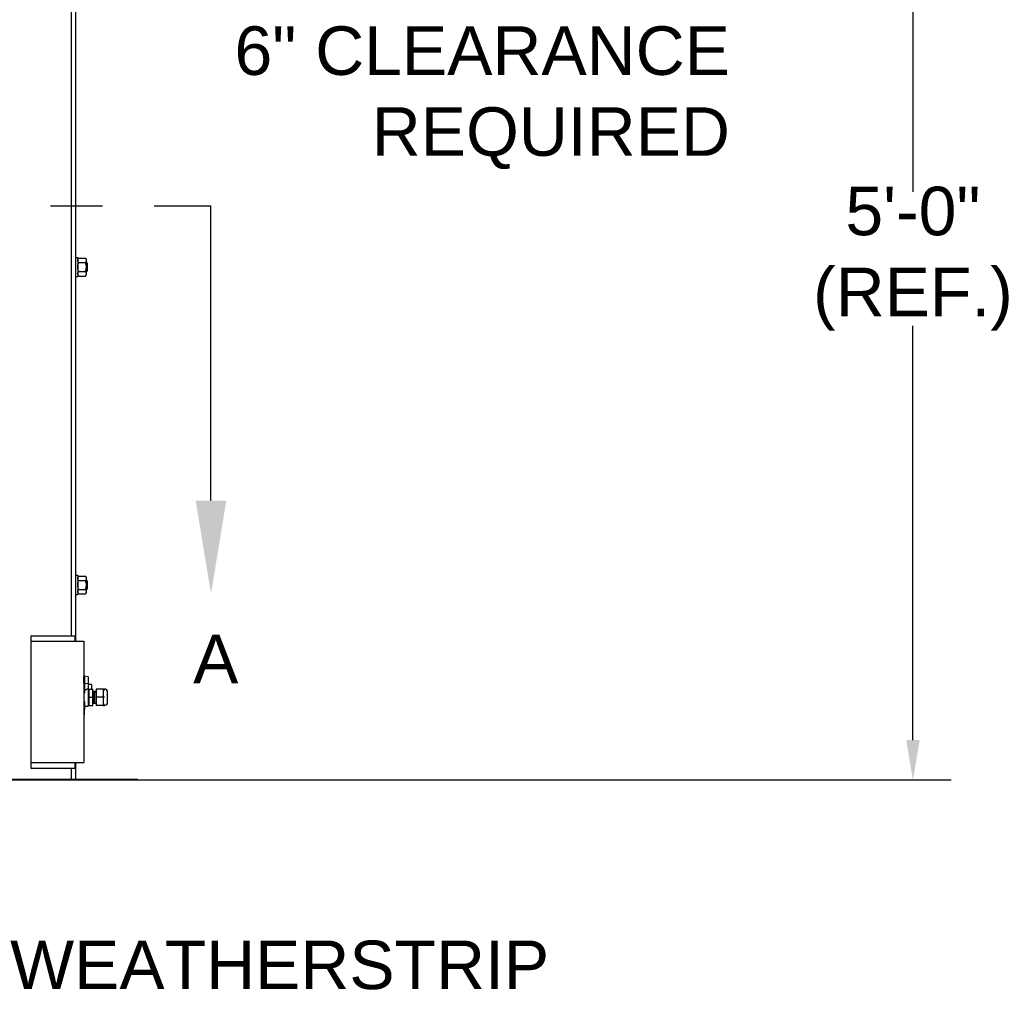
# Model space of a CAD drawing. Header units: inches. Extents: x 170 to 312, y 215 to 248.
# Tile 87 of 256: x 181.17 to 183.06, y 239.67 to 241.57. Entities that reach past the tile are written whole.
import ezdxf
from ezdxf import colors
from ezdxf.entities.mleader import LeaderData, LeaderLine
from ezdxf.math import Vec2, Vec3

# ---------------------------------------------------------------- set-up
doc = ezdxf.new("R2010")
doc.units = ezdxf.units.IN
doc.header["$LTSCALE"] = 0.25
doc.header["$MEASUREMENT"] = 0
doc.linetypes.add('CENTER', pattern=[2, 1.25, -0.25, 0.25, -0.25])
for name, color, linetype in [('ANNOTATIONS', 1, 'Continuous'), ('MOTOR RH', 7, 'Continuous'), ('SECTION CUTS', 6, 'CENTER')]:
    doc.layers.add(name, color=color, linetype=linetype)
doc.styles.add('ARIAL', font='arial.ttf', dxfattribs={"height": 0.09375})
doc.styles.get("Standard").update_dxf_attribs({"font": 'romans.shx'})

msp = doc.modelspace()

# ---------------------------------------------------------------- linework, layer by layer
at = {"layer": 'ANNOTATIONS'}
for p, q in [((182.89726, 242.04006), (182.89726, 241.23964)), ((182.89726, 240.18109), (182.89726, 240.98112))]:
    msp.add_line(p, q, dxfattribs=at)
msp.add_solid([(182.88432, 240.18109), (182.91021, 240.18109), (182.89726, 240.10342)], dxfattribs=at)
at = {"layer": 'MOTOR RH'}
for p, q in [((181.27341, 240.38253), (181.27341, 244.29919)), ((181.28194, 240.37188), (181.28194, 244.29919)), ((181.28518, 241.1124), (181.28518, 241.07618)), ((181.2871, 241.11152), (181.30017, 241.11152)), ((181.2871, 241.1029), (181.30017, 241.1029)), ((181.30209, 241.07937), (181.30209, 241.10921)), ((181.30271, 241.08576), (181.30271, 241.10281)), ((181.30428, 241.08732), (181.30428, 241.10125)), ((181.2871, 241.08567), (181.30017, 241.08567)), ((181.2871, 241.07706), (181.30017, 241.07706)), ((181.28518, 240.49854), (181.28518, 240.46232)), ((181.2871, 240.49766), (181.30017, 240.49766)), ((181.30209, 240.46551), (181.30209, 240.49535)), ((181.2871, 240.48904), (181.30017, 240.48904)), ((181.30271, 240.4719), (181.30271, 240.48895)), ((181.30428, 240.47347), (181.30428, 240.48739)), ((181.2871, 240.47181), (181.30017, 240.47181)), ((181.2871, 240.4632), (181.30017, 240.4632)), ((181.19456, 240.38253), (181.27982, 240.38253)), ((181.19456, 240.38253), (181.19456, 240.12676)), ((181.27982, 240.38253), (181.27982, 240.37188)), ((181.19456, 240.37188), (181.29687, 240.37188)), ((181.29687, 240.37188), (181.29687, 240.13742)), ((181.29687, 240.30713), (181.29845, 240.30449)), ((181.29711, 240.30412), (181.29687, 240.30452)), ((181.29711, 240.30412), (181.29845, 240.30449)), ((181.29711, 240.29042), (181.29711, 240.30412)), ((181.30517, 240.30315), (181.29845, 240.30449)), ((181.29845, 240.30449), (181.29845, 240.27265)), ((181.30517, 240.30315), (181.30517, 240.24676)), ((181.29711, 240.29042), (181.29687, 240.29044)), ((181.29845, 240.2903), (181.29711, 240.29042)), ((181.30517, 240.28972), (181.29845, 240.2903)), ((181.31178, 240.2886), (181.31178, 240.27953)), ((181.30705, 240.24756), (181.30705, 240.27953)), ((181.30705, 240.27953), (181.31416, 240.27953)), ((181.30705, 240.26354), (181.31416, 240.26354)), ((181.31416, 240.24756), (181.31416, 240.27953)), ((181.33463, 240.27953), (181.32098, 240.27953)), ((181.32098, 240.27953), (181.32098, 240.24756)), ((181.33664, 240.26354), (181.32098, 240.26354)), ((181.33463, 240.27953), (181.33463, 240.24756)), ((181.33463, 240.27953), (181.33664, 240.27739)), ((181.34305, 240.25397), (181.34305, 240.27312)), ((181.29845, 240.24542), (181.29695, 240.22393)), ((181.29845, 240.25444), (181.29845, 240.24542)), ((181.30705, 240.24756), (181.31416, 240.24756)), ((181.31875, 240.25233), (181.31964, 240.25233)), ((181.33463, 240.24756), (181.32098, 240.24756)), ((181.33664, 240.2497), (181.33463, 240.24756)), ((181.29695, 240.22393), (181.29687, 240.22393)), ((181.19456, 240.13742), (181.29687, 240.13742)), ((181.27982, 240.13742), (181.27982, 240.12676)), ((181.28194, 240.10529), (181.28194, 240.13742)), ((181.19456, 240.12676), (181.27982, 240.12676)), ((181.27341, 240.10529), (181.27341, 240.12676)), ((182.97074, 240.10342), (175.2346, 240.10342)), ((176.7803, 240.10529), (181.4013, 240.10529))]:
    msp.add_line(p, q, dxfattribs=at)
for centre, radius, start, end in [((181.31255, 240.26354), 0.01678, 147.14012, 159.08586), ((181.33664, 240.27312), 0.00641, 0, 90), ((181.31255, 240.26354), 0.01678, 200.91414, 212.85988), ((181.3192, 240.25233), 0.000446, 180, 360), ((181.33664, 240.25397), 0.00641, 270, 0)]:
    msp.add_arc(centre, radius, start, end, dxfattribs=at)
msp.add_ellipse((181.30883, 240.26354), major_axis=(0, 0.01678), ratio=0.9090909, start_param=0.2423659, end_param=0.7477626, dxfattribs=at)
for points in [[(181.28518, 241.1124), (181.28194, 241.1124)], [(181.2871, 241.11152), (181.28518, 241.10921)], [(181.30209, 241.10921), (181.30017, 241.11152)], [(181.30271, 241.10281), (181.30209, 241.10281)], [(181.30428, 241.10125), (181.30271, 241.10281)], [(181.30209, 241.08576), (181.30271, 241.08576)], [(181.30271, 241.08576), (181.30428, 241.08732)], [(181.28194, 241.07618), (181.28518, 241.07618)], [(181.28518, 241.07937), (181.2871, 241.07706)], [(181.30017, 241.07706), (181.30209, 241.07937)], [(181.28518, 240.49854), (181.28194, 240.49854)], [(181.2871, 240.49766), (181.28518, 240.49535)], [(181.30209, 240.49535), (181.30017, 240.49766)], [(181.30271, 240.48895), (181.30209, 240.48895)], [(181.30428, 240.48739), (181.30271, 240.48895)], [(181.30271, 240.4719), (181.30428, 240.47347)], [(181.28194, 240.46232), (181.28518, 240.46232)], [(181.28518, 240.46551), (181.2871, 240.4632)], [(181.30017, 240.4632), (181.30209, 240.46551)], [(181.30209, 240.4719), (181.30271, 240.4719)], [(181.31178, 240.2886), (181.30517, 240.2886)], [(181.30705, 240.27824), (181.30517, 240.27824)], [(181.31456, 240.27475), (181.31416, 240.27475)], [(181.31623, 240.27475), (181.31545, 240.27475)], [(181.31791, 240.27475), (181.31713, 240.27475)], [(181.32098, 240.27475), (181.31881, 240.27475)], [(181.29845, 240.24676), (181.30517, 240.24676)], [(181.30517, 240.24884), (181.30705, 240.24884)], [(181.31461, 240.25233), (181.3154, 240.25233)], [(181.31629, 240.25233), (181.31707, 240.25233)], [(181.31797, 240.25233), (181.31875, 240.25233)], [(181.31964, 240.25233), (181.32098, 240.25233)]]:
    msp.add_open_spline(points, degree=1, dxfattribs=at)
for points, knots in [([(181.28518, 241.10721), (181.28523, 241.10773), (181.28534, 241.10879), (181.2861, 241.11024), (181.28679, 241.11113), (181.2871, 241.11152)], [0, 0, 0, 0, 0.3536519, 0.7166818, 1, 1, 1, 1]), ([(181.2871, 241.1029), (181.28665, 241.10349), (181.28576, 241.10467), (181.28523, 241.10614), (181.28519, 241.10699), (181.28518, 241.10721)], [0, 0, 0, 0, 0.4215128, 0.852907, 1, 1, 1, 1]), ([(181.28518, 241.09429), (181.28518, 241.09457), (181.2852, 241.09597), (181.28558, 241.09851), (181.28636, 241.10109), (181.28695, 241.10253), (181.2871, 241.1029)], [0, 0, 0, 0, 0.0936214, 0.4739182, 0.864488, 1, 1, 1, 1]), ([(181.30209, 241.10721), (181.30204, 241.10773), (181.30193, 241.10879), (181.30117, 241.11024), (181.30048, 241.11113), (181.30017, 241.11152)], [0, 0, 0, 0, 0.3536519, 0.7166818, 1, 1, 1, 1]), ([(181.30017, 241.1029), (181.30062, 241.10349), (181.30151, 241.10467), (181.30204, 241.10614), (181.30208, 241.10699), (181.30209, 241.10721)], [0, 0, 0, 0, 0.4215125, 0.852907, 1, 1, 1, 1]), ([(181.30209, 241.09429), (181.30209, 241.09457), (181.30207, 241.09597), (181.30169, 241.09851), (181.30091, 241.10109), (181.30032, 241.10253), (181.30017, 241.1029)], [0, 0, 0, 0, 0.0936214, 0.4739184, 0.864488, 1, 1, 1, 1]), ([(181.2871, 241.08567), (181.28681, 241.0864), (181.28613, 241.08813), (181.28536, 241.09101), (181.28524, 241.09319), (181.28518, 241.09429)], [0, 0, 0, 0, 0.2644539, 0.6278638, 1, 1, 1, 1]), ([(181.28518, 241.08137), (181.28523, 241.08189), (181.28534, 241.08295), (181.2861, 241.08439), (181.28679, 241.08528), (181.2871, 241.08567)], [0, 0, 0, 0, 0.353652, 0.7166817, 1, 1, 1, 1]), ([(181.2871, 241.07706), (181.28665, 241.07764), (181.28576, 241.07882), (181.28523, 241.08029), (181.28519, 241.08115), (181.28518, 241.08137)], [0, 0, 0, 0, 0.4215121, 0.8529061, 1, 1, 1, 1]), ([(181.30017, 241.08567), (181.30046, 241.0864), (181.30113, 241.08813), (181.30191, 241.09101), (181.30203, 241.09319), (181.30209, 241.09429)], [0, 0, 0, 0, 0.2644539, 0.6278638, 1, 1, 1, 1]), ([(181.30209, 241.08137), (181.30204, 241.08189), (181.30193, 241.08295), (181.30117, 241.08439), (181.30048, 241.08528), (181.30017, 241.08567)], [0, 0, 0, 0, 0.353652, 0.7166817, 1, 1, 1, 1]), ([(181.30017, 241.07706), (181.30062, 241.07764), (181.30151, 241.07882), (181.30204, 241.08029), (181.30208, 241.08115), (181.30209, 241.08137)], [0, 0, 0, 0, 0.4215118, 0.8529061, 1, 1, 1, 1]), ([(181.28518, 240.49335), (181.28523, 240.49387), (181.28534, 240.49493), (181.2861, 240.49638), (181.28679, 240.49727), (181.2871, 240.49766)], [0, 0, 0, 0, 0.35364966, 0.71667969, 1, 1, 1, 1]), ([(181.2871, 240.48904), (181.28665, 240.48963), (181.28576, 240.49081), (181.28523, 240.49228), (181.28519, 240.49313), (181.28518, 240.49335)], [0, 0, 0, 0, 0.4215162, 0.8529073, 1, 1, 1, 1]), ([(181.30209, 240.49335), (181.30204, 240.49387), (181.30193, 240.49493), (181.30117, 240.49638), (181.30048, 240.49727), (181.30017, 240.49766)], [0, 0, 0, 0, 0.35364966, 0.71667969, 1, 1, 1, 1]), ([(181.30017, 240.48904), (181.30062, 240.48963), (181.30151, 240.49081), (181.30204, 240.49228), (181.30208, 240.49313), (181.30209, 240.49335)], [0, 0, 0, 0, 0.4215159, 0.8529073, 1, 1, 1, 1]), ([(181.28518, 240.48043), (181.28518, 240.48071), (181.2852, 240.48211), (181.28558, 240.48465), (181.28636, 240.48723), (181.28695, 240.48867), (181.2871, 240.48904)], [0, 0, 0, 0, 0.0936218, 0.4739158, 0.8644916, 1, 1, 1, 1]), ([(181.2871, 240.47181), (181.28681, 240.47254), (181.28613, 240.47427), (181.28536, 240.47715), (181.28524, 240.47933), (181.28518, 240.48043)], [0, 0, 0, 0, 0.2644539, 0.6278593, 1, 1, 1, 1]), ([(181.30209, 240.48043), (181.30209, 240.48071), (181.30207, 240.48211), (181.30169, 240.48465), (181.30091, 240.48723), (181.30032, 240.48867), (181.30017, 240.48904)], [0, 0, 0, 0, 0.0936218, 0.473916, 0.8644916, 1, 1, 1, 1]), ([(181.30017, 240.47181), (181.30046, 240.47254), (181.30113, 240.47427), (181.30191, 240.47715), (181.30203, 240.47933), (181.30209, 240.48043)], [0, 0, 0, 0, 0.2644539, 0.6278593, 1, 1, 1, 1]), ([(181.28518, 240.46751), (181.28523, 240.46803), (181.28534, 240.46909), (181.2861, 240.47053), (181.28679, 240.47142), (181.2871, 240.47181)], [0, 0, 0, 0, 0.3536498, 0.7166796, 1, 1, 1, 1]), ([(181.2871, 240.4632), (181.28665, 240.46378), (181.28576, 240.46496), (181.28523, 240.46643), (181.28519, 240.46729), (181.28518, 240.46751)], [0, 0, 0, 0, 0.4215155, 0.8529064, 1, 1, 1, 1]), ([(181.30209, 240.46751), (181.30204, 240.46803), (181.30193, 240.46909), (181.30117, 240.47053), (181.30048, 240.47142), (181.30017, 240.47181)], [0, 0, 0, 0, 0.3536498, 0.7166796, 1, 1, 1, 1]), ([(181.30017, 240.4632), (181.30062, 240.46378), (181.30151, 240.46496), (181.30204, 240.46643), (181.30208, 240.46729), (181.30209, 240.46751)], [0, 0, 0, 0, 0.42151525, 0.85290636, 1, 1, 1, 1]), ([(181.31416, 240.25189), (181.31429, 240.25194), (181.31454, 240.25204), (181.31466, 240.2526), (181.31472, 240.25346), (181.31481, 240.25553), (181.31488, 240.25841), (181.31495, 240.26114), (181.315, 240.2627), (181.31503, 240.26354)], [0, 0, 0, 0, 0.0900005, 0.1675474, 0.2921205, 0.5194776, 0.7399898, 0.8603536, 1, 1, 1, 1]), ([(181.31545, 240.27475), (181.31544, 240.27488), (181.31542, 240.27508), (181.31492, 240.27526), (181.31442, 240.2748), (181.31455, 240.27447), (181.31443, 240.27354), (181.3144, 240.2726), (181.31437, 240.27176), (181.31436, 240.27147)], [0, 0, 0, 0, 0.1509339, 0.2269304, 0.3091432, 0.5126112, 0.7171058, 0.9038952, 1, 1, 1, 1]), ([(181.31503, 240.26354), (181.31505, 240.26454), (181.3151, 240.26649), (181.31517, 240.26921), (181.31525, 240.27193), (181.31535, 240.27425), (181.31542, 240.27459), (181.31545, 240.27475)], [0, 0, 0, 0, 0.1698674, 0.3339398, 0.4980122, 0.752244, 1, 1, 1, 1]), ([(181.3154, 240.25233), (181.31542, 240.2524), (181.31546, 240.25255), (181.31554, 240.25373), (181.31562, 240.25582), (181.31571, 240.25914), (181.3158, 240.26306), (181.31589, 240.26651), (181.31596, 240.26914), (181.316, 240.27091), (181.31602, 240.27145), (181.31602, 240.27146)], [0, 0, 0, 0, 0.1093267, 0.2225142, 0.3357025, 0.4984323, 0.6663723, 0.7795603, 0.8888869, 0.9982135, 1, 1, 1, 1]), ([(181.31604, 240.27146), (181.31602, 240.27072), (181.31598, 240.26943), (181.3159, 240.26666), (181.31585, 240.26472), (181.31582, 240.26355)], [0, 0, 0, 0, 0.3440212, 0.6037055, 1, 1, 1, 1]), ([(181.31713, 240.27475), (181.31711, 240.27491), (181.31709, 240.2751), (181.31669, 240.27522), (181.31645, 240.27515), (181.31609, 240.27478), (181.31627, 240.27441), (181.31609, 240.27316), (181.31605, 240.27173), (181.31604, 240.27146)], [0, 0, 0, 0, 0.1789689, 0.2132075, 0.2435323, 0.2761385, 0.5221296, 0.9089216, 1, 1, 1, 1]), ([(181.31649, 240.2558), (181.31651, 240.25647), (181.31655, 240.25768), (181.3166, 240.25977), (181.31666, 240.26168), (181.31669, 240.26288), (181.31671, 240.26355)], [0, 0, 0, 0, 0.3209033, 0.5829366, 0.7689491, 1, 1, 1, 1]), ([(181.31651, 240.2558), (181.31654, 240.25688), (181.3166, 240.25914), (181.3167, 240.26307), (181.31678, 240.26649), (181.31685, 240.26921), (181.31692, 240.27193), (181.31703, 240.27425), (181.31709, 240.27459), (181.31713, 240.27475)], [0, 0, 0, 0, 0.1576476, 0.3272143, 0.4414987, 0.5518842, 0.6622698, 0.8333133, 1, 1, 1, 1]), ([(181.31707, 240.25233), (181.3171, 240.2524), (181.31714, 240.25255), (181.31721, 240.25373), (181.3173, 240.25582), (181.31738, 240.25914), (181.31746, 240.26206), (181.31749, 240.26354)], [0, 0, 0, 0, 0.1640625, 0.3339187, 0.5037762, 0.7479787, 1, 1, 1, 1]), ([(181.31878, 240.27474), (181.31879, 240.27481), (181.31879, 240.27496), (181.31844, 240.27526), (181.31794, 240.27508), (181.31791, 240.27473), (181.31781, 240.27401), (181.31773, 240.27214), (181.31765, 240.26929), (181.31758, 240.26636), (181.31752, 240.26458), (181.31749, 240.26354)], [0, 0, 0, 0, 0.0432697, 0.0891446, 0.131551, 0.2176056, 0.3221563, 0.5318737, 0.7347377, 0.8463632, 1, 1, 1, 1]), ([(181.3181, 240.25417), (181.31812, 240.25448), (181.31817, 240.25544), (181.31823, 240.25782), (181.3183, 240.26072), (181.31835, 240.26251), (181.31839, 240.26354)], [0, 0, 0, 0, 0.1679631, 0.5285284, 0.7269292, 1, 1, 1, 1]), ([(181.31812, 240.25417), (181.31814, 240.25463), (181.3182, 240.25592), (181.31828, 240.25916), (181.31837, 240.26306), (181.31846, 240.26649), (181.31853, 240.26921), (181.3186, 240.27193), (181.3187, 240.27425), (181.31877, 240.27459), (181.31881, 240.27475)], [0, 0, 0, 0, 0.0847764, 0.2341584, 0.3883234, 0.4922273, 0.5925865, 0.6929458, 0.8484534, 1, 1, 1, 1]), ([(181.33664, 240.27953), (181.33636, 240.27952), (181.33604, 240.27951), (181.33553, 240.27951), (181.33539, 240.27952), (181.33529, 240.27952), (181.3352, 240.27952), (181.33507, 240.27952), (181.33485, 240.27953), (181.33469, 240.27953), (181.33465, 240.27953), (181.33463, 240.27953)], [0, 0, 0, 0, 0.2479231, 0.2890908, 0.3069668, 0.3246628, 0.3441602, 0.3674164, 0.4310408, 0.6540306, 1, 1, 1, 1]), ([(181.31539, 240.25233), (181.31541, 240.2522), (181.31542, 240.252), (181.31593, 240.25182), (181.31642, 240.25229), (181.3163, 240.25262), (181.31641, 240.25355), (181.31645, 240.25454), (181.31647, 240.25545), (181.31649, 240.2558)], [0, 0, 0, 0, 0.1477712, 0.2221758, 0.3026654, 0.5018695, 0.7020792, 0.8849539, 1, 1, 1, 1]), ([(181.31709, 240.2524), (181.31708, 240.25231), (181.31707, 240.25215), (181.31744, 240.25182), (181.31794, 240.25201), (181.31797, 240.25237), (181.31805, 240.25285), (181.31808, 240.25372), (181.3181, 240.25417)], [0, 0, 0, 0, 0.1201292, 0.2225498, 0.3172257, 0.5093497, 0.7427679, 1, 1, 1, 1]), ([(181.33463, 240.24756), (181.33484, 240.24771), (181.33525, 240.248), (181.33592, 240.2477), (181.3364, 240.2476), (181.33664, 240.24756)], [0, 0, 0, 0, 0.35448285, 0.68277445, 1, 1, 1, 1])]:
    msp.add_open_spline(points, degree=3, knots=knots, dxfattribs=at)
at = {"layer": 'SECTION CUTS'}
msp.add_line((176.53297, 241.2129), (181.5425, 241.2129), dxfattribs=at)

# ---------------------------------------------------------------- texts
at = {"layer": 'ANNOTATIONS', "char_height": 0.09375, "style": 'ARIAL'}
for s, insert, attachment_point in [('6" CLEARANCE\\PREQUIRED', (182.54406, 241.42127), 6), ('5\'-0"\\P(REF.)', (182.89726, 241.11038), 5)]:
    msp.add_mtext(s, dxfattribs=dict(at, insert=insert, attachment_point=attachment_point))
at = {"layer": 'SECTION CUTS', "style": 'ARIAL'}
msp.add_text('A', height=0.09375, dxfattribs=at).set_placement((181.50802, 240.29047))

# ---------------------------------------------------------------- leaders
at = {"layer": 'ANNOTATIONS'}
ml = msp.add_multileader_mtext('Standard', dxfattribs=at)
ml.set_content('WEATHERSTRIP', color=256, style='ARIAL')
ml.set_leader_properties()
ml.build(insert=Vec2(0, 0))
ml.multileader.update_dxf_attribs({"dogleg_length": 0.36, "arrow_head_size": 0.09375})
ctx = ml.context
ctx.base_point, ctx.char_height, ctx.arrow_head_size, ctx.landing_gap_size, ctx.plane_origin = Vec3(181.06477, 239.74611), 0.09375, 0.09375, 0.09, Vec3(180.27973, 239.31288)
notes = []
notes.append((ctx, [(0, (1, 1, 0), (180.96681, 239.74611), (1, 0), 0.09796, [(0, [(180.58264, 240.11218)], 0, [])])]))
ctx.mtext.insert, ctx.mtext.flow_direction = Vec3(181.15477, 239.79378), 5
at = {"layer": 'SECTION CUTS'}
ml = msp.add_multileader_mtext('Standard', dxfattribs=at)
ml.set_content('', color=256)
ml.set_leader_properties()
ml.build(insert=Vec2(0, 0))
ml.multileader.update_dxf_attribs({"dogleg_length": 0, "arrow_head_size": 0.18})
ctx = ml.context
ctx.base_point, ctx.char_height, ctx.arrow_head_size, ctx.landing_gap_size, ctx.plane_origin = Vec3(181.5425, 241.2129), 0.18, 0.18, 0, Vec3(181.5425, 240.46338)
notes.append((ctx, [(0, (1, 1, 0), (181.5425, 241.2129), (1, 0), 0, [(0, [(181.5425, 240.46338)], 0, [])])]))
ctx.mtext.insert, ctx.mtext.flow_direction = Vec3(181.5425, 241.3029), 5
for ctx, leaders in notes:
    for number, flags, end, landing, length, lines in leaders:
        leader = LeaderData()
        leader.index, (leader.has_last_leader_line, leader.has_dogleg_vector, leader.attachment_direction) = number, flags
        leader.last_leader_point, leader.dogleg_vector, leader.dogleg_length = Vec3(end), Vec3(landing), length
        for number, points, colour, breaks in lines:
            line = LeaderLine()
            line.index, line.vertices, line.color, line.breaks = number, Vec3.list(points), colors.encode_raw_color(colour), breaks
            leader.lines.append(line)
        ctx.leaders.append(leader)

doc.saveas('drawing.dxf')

TO DO ::
Show every line of the material that includes the string "lines".

THE COMPLETED TASK ::
    for number, flags, end, landing, length, lines in leaders:
        for number, points, colour, breaks in lines:
            leader.lines.append(line)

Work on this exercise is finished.